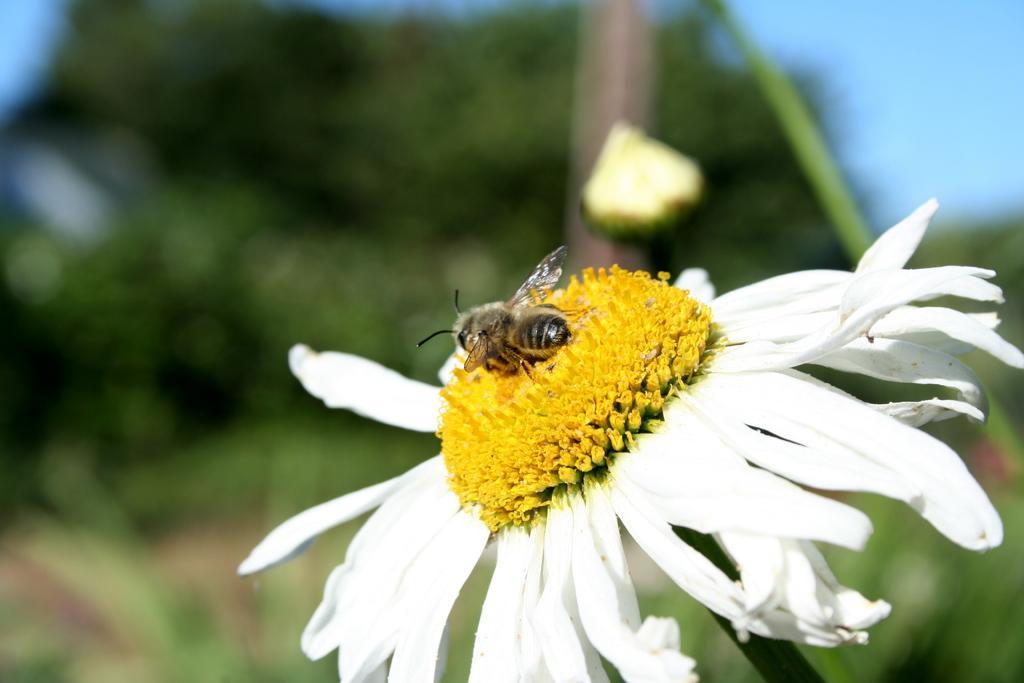Could you give a brief overview of what you see in this image? In this image I can see a flower which is white and yellow in color and on it I can see an insect which is black in color. I can see the blurry background in which I can see few trees and the sky. 
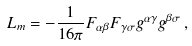<formula> <loc_0><loc_0><loc_500><loc_500>L _ { m } = - \frac { 1 } { 1 6 \pi } F _ { \alpha \beta } F _ { \gamma \sigma } g ^ { \alpha \gamma } g ^ { \beta \sigma } \, ,</formula> 
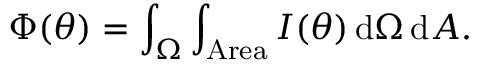Convert formula to latex. <formula><loc_0><loc_0><loc_500><loc_500>\Phi ( \theta ) = \int _ { \Omega } \int _ { A r e a } I ( \theta ) \, d \Omega \, d A .</formula> 
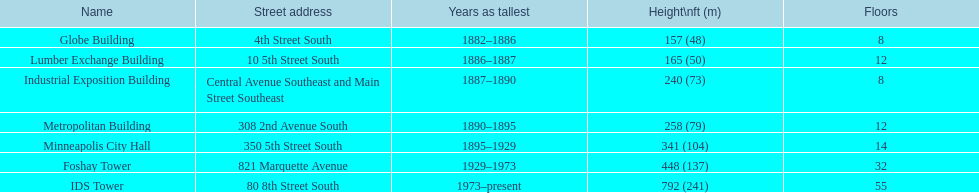What is the loftiest edifice? IDS Tower. 
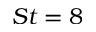<formula> <loc_0><loc_0><loc_500><loc_500>S t = 8</formula> 
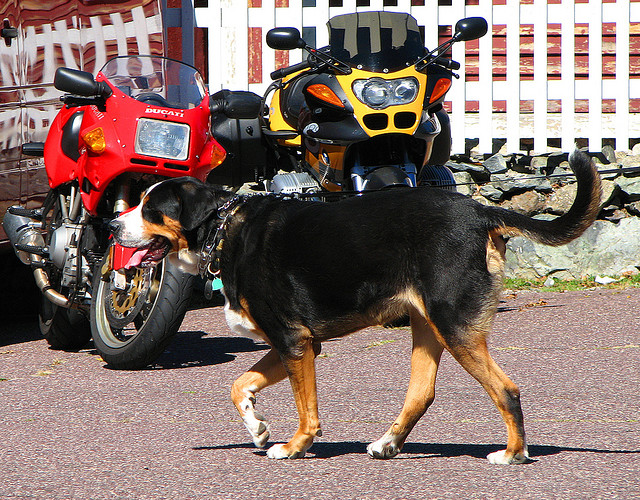Please transcribe the text information in this image. DUCATI 
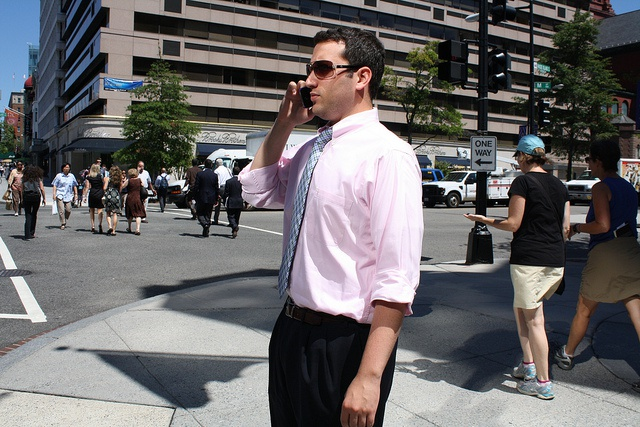Describe the objects in this image and their specific colors. I can see people in gray, lavender, black, pink, and darkgray tones, people in gray, black, lightgray, and darkgray tones, people in gray, black, and maroon tones, people in gray, black, darkgray, and lightgray tones, and truck in gray, black, lightgray, and darkgray tones in this image. 
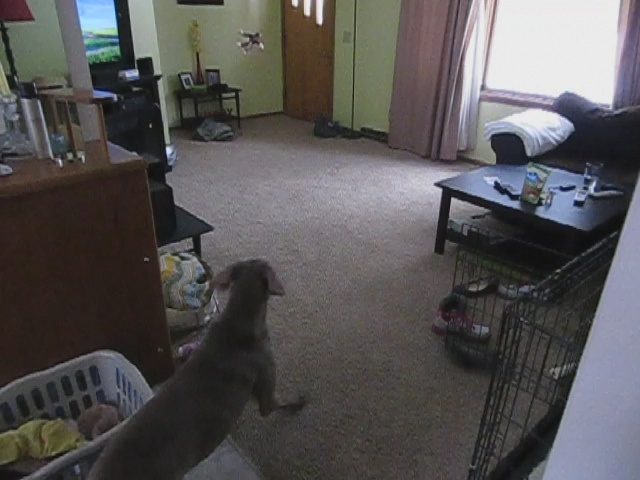Describe the objects in this image and their specific colors. I can see dog in black and gray tones, couch in black and gray tones, tv in black, lightblue, and teal tones, cup in black, gray, and darkgray tones, and cup in black, gray, and darkblue tones in this image. 
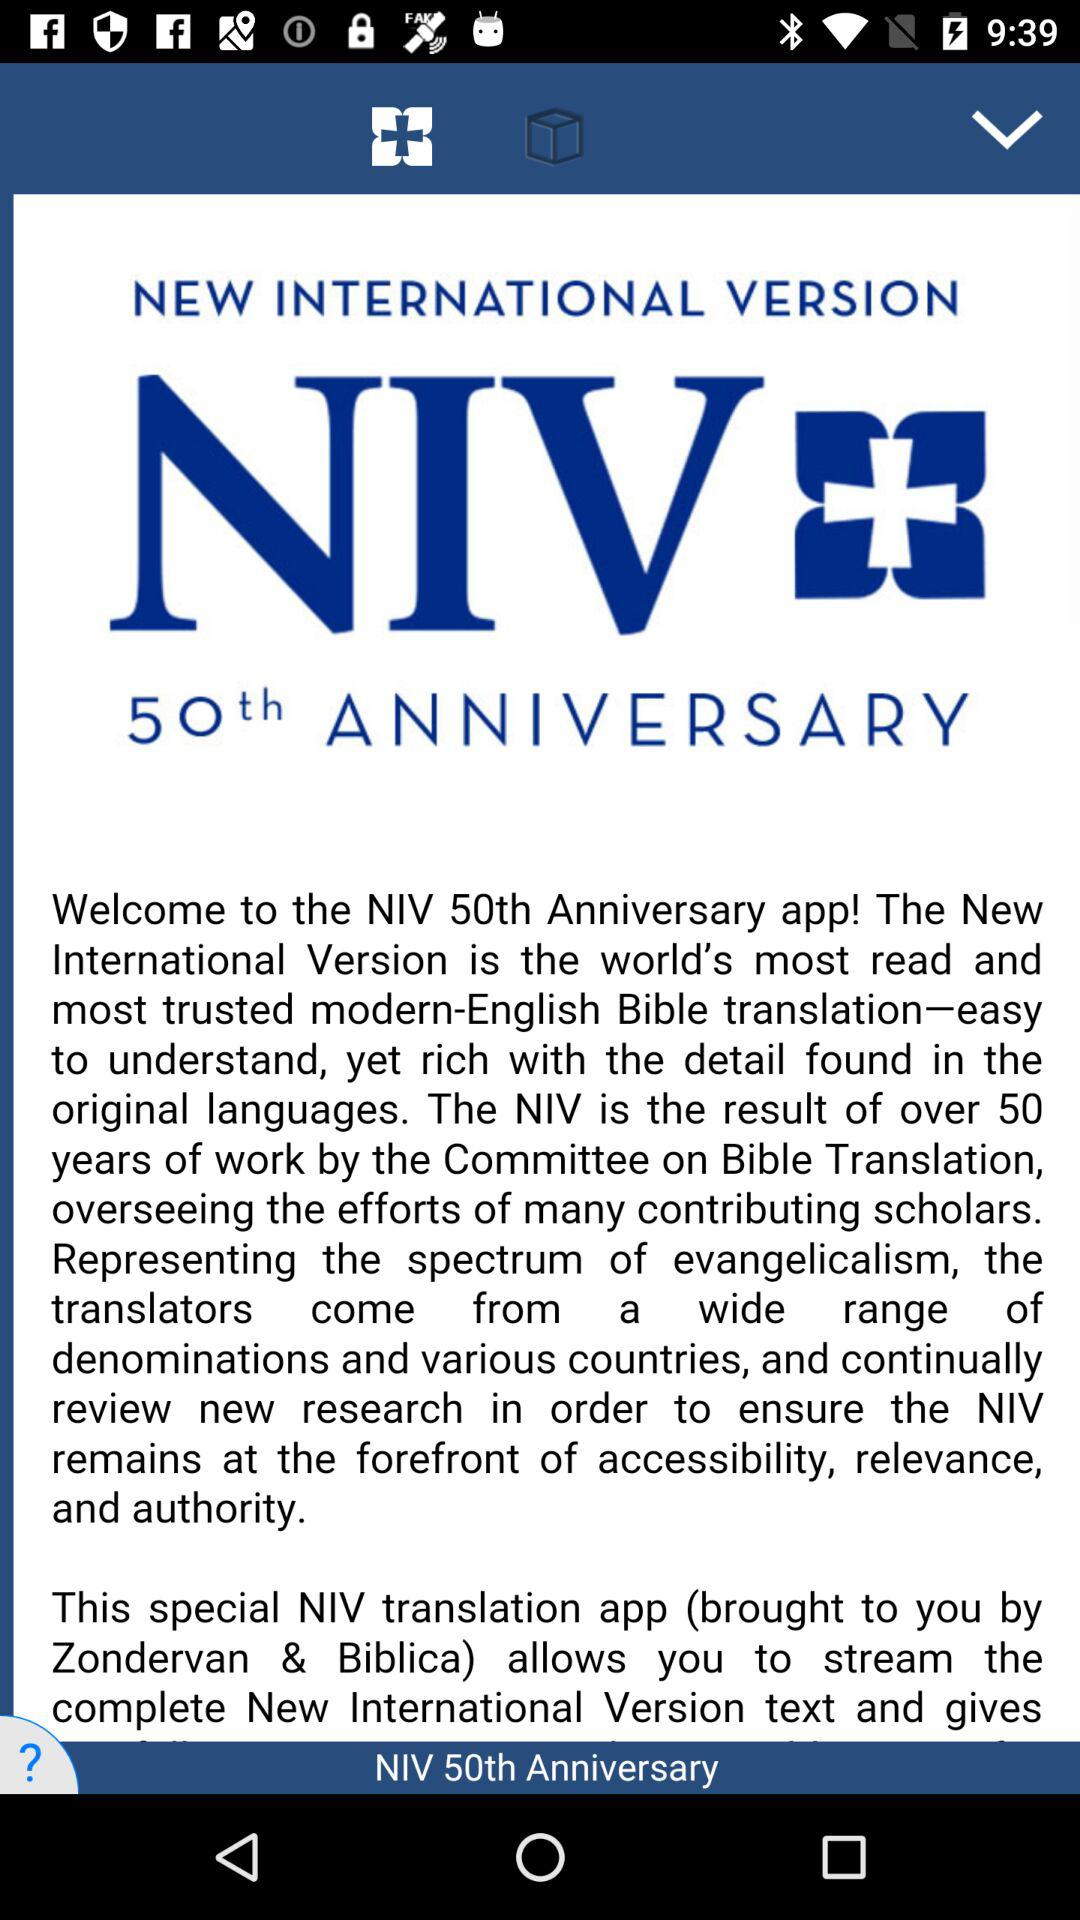Which anniversary is displayed on the screen? The anniversary displayed on the screen is the 50th. 
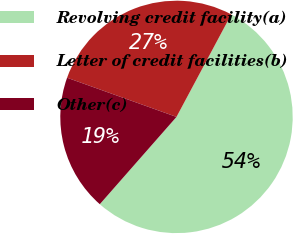Convert chart. <chart><loc_0><loc_0><loc_500><loc_500><pie_chart><fcel>Revolving credit facility(a)<fcel>Letter of credit facilities(b)<fcel>Other(c)<nl><fcel>53.66%<fcel>27.34%<fcel>19.0%<nl></chart> 
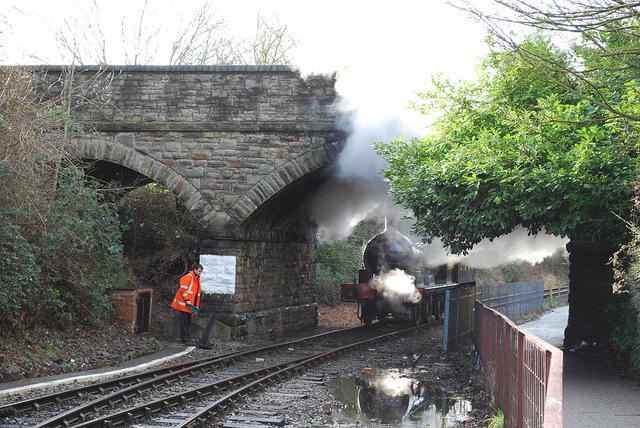Where is the man?
Be succinct. Near bridge. Is the train smoking?
Be succinct. Yes. What is the train going through?
Quick response, please. Tunnel. 
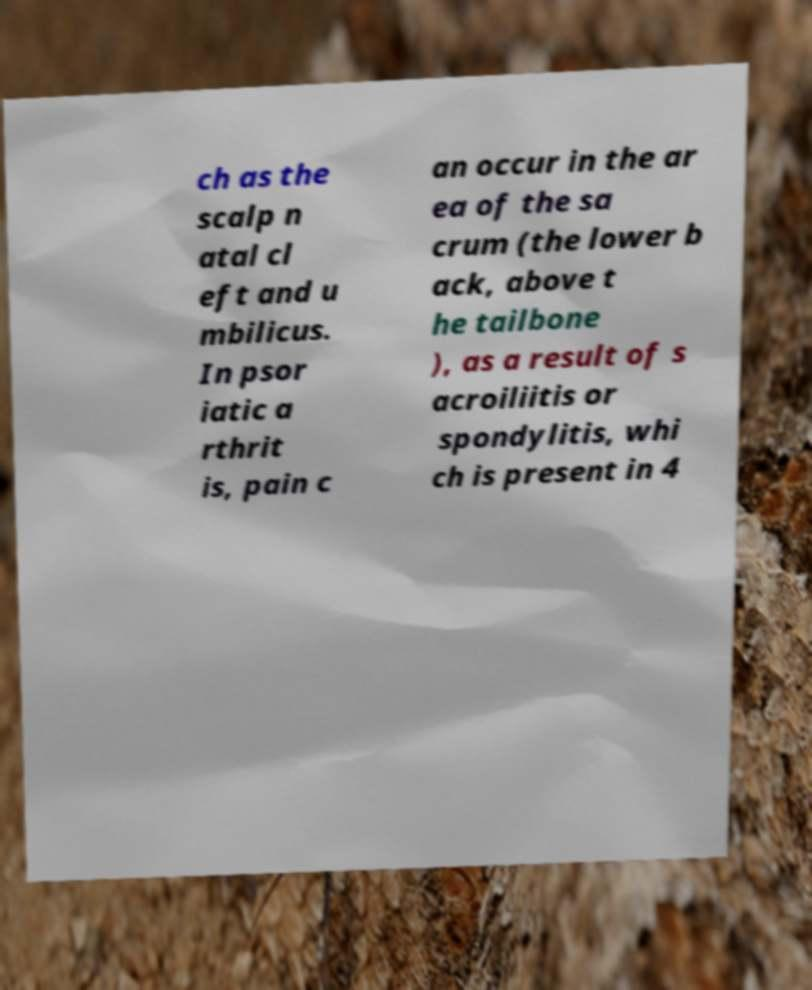Could you assist in decoding the text presented in this image and type it out clearly? ch as the scalp n atal cl eft and u mbilicus. In psor iatic a rthrit is, pain c an occur in the ar ea of the sa crum (the lower b ack, above t he tailbone ), as a result of s acroiliitis or spondylitis, whi ch is present in 4 
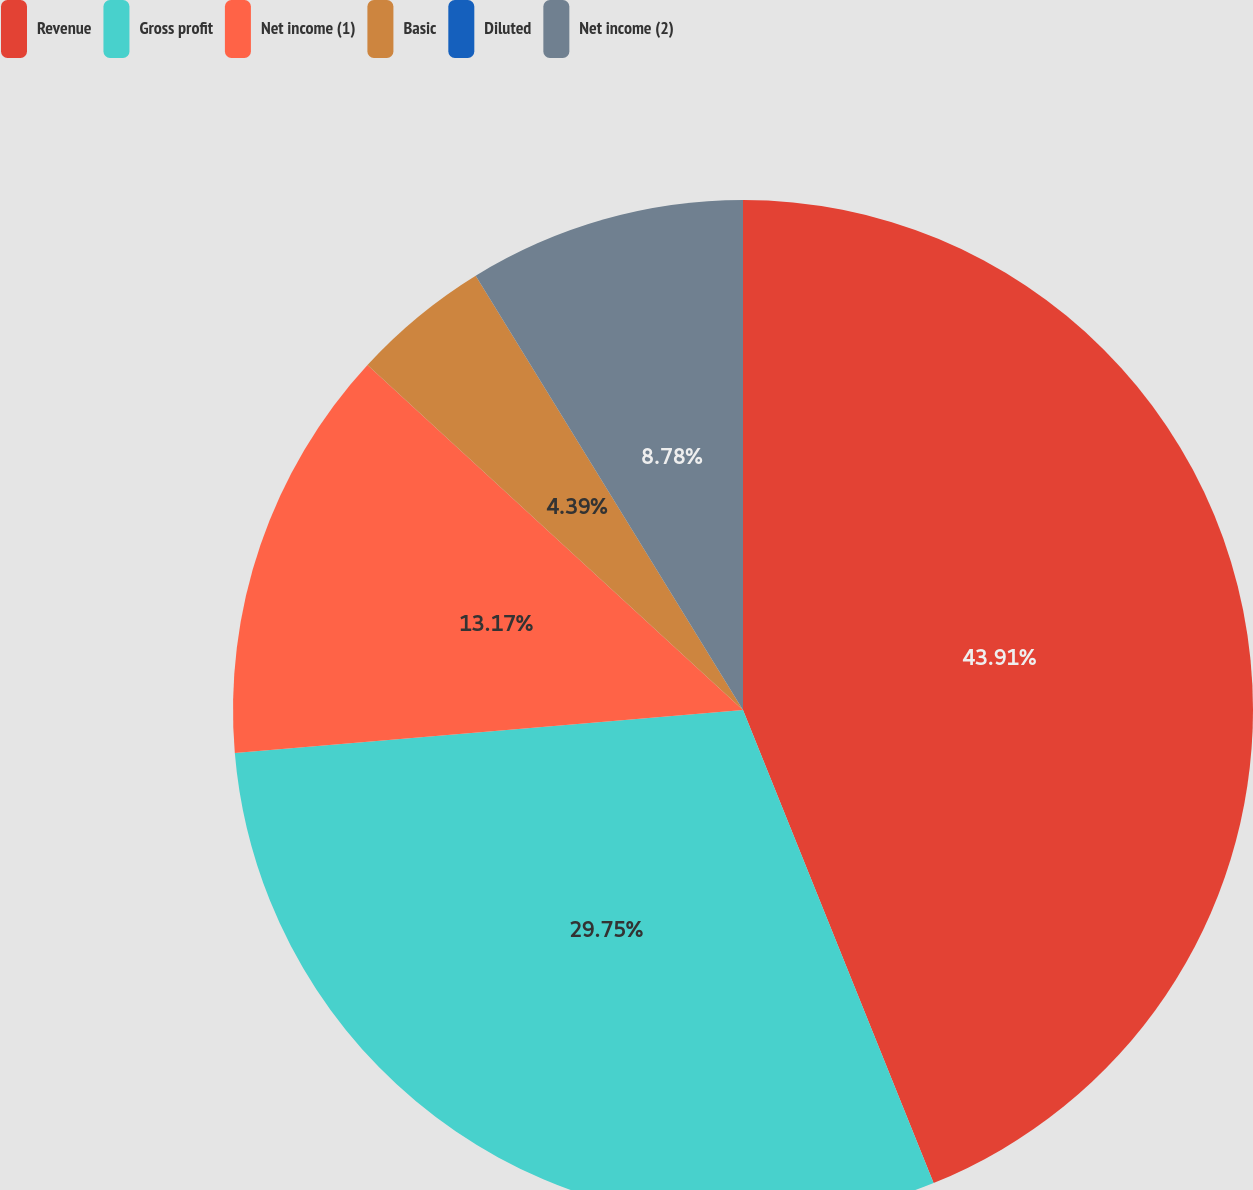<chart> <loc_0><loc_0><loc_500><loc_500><pie_chart><fcel>Revenue<fcel>Gross profit<fcel>Net income (1)<fcel>Basic<fcel>Diluted<fcel>Net income (2)<nl><fcel>43.9%<fcel>29.75%<fcel>13.17%<fcel>4.39%<fcel>0.0%<fcel>8.78%<nl></chart>

#####

Look through the entries above and report each line where the string "succinct" occurs.

Be succinct. Near bridge. Is the train smoking?
Be succinct. Yes. What is the train going through?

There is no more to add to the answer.